Pub Date : 2022-09-01
J M Busto-Villarreal, J I Martínez-Guerrero, R Monroy-Maya, L M De la Cruz-Hernández

Purpose of the study: determine the sensitivity and specificity of magnetic resonance imaging in anterior cruciate ligament injuries and associated injuries through arthroscopic findings.

Material and methods: this is a retrospective, longitudinal, cross-sectional study in 96 patients with ACL injuries were included and who underwent arthroscopic surgery; arthroscopic findings were compared with diagnostic magnetic resonance images as well as associated lesions.

Results: for ACL lesions the following data were found in relation to the agreement by MRI and arthroscopic findings; 93.68% sensitivity, 100% specificity.

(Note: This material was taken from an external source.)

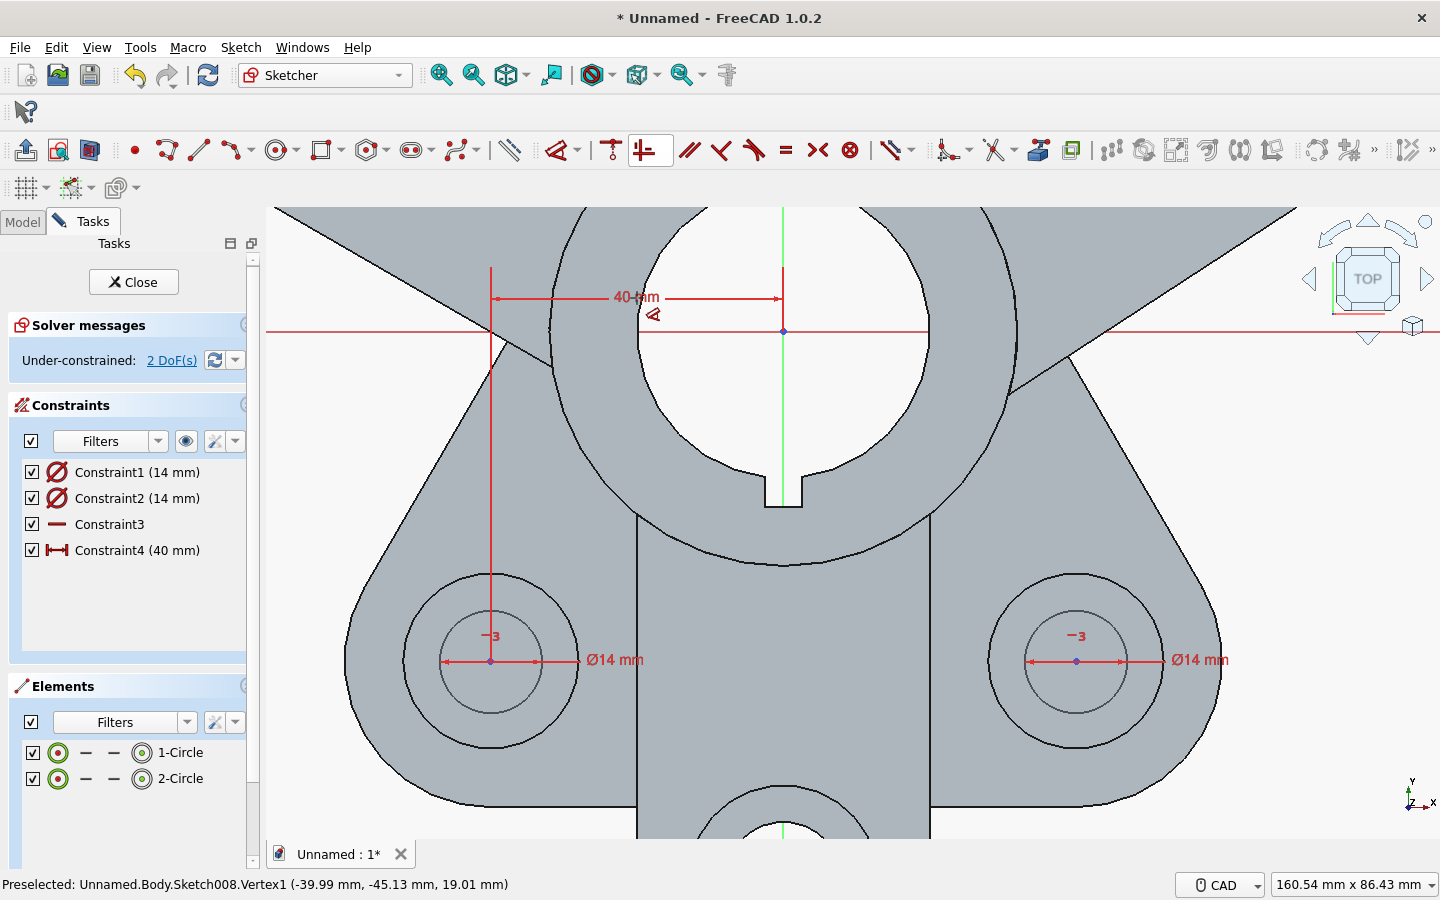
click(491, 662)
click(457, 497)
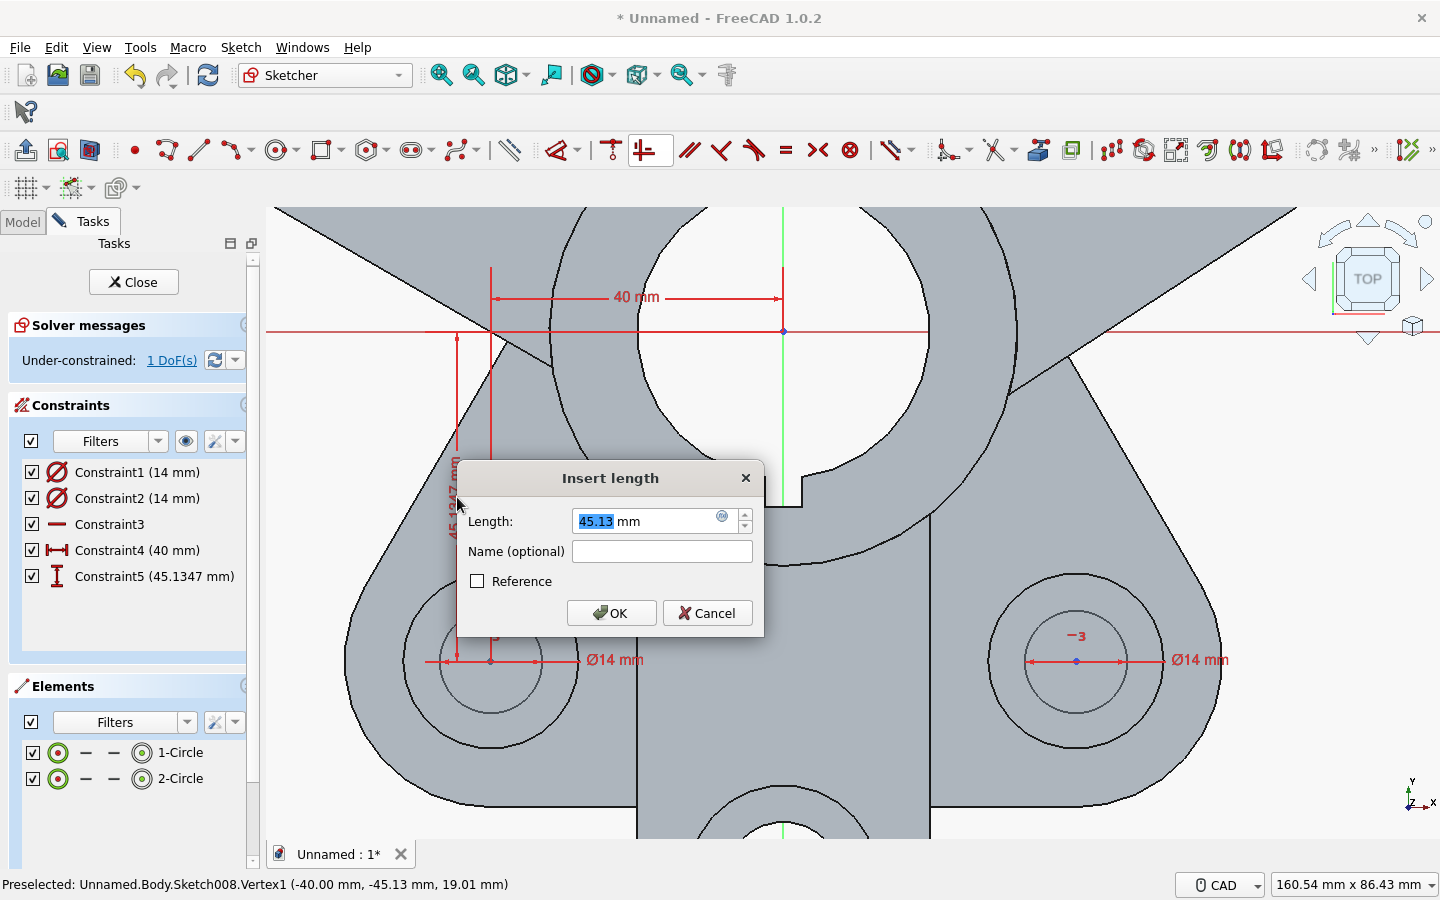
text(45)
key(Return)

Negative predictor value of 14.28% and a positive predictor value of 100%.

Conclusion: MRI is an accurate and non-invasive imaging modality for the evaluation of knee injuries, the diagnostic association is considerably high.

本研究目的:通过关节镜表现确定磁共振成像对前交叉韧带损伤及相关损伤的敏感性和特异性。材料和方法:这是一项回顾性、纵向、横断面研究,纳入96例前交叉韧带损伤并接受关节镜手术的患者;将关节镜检查结果与诊断性磁共振图像以及相关病变进行比较。结果:对于前交叉韧带病变,MRI和关节镜检查结果一致,发现以下数据;灵敏度93.68%,特异性100%。阴性预测值为14.28%,阳性预测值为100%。结论:MRI是一种准确、无创的评估膝关节损伤的成像方式,诊断相关性相当高。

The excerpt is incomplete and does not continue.